Faeries, and a maori legend (oh and a book sale)

Faery Worlds - Six Complete Novels - 'Elle Casey',  'JL Bryan',  'Tara Maya',  'Anthea Sharp',  'Jenna Elizabeth Johnson',  'Alexia Purdy'

So, using up random few dollars credit I have left on Amazon, I grabbed this. 6 books for 99c, including at least 1 author I've actually heard really good things about. This ought to be interesting. It seems a mix of genres, all vaguely fairy related though, but some more typical fantasy, and others more urban/crossover.
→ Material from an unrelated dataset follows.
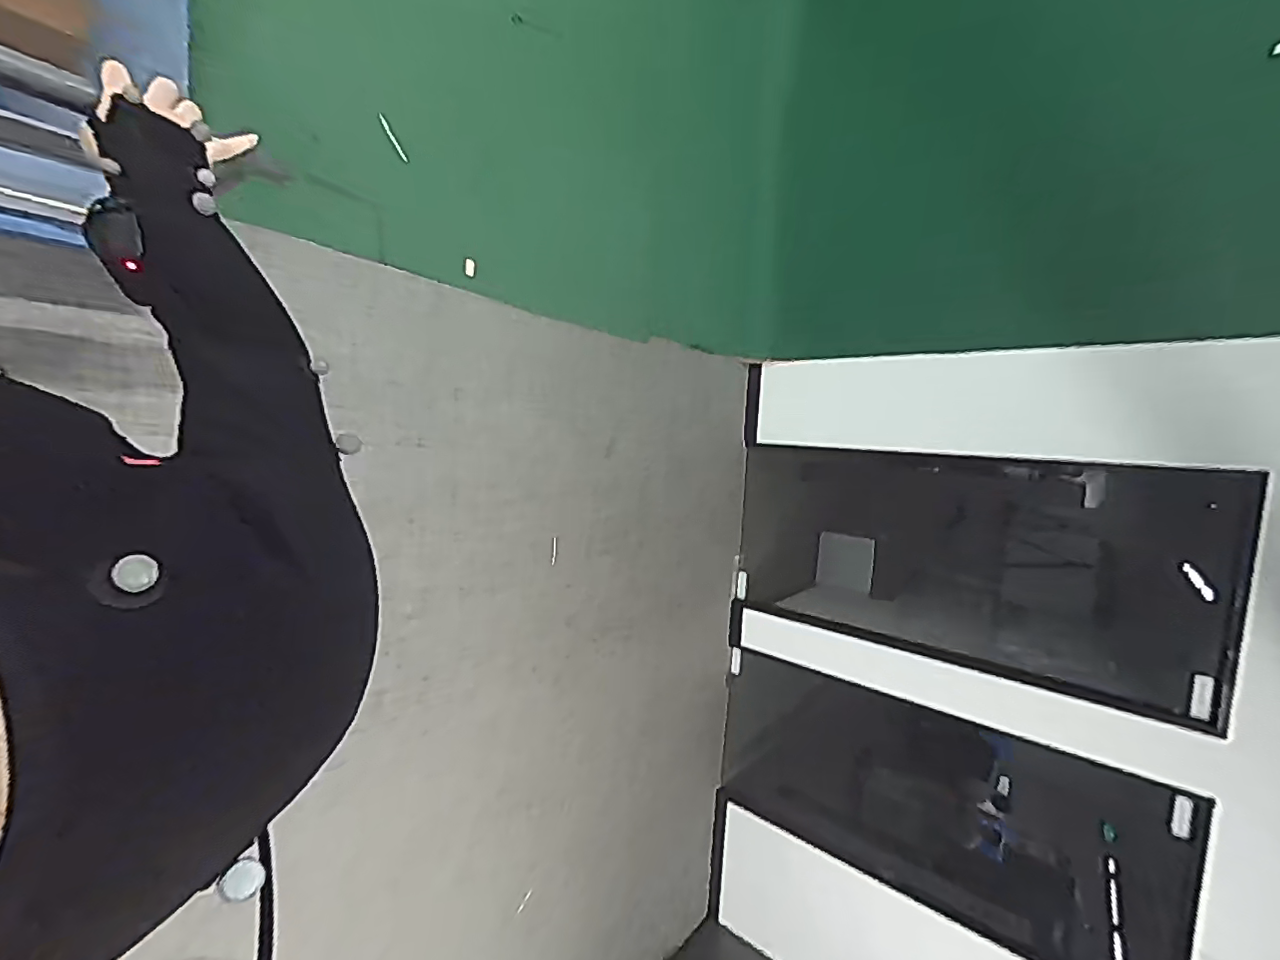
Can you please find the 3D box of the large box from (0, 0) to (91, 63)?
[{"bbox_3d":[-0.963,-0.836,0.658,0.408,0.320,0.320,1,94,-52],"label":"large box"}]
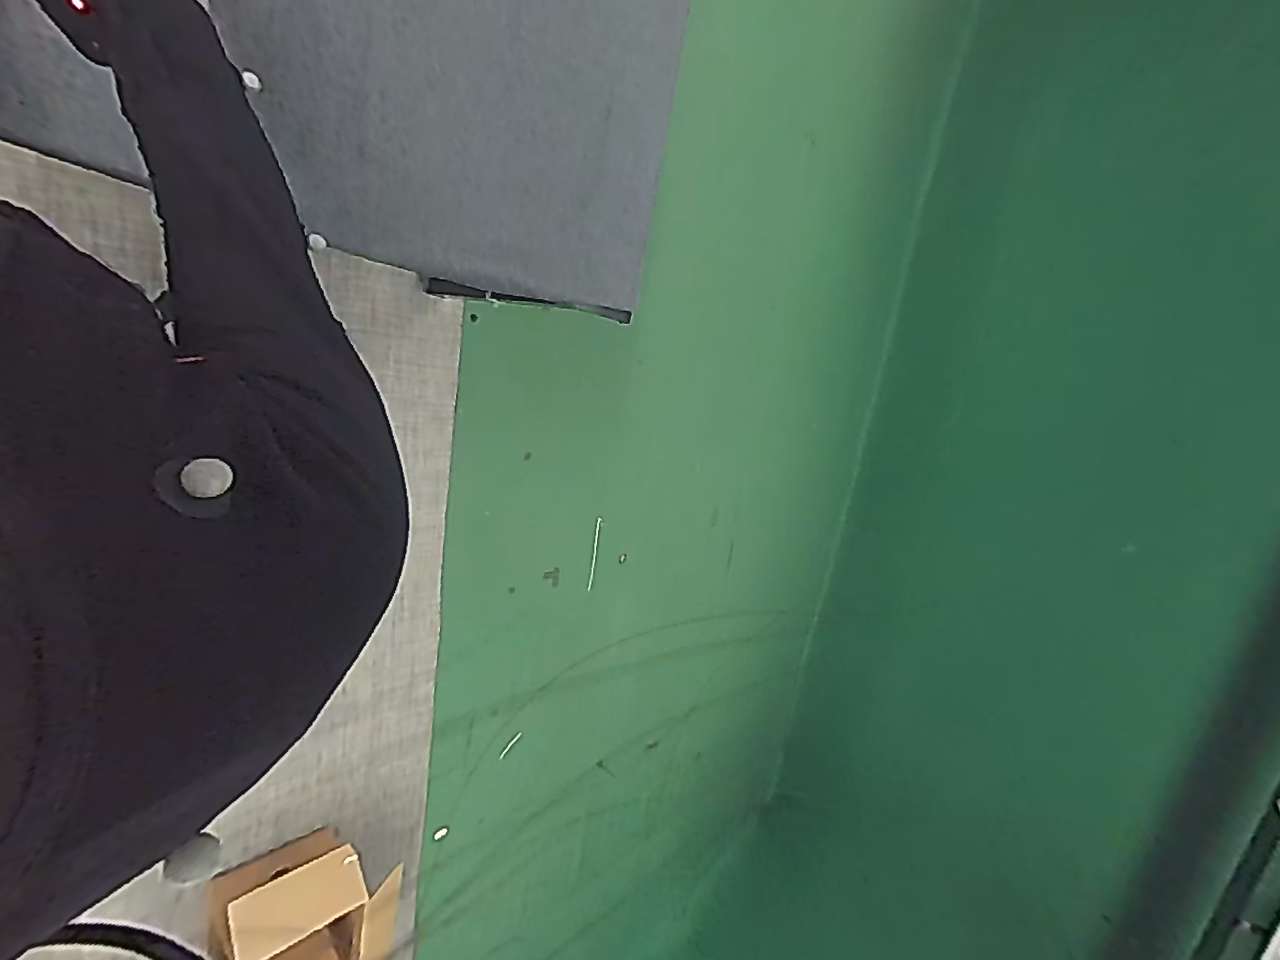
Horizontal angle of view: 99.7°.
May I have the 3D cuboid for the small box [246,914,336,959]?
[{"bbox_3d":[-0.931,1.318,1.425,0.179,0.176,0.168,1,105,-48],"label":"small box"}]

Fairies are much more my "thing" than other typical pnr denizens. I think because of growing up in a fairly remote part of NZ, surrounded by dark forests that could easily be full of the Turehu (or Patupaiarehe) my older cousins told me scary stories about. Patupaiarehe are the mist children. You can never see them properly, only when it's misty and even then indistinct, and they seem to wear clothes made of spiderwebs. I love this NZ stamp with one on, he looks terrifically puckish, and though scary and powerful, they tend to be mischeivious and troublemakers. Somehow I always thought of them as having sharp pointy teeth too. 


Worse, I am "urukehu" - pale skinned. Light hair - it was red when I was a kid, and though dark now, it's noticeably not as dark as the rest of my family when we are together. It's a thing, where after multiple generations of dark brown, black haired people, out will pop one of us little white things. Urukehu used to be considered to have a patupaiarehe ancestor somewhere down the chain, although modern genetics tells us there was just a very pale skinned common ancestor somewhere back in Hawaiiki before the great trip to NZ around the year 800, leaving us all with a random recessive gene that nearly everyone carries and a small enough gene pool it sometimes pops up in the population. When I was little and being teased by the big kids, I sincerely hoped that was true. Now that I'm older, I kind of wish the fairy in the bloodline version was the truth.


So, as I said, Patupaiarehe are tricksters, but Maori legends like to think of us as a whole race of tricksters, so there's a lot of stories about trying to trick each other, and who comes out on top. So here's a well known maori legend about the Patupaiarehe, just for fun: How maori learnt to make fishing nets, courtesy of Te Ara (the NZ National Museum):

"One traditional account tells of a chief, Kahukura, who when travelling north found himself on a lonely beach just as night set in. He slept in the sand dunes, but was awoken by the sounds of voices and laughter. At the water’s edge were a group of patupaiarehe, the fairy people, catching great numbers of fish in a net of woven flax. Despite his fear Kahukura crept among them, hoping to take the net and find out how it was made. As it was dark, and he was short and fair like the patupaiarehe, they did not notice him as being different. He knew that if he could delay them until dawn they would flee to avoid the sun, leaving the net behind. He helped thread the gutted fish onto lines, but tied his knots so they would come undone again. This tactic worked, and the fairy people fled as the sun rose, leaving behind their net and the fish. From this Kahukura discovered the secret to making the net, and taught it to his people."

Oh, and the actual books? Haven't read any of them yet, but the box set is still on sale at 99c, so if, like me, you love the fae, you might want to pick this up.



Dindi longs to become a Tavaedi, one of the powerful warrior-dancers who secret magics are revealed only to those who pass a mysterious Initiation. The problem? No-one in Dindi's clan has ever passed the Test. But Dindi has a plan.

Jayne Sparks, a potty-mouthed, rebellious seventeen-year-old, and her best friend, shy and bookish Tony Green, have a typical high school existence - until, along with a group of runaway teens, they are hijacked and sent into a forest where nothing is as it seems. Who will emerge triumphant? And what will they be when they do?

A teenage garage band steals instruments from the fairy world and begins enchanting crowds, but their shortcut to success soon turns them into enemies of the treacherous Queen Mab.

Faeries. Computer games. When realms collide, a hero from the wrong side of the tracks and the rich girl he's afraid to love must risk everything to defeat the dangerous fey.
What if a high-tech computer game was a gateway to the perilous Realm of Faerie...

Meghan has been strange her entire life: her eyes change color and she sees and hears things no one else can. When the visions get worse, she is convinced she has finally gone crazy. That is, until the mysterious Cade shows up with an explanation of his own.

A dark twist on faeries. For Shade, a chance meeting with a powerful Teleen Faery warrior who wields electrical currents and blue fires along his skin, has her joining him on a treacherous mission for the good Seelie Faerie Court across the land of Faerie. Magic and malice abound and nothing is what it appears to be.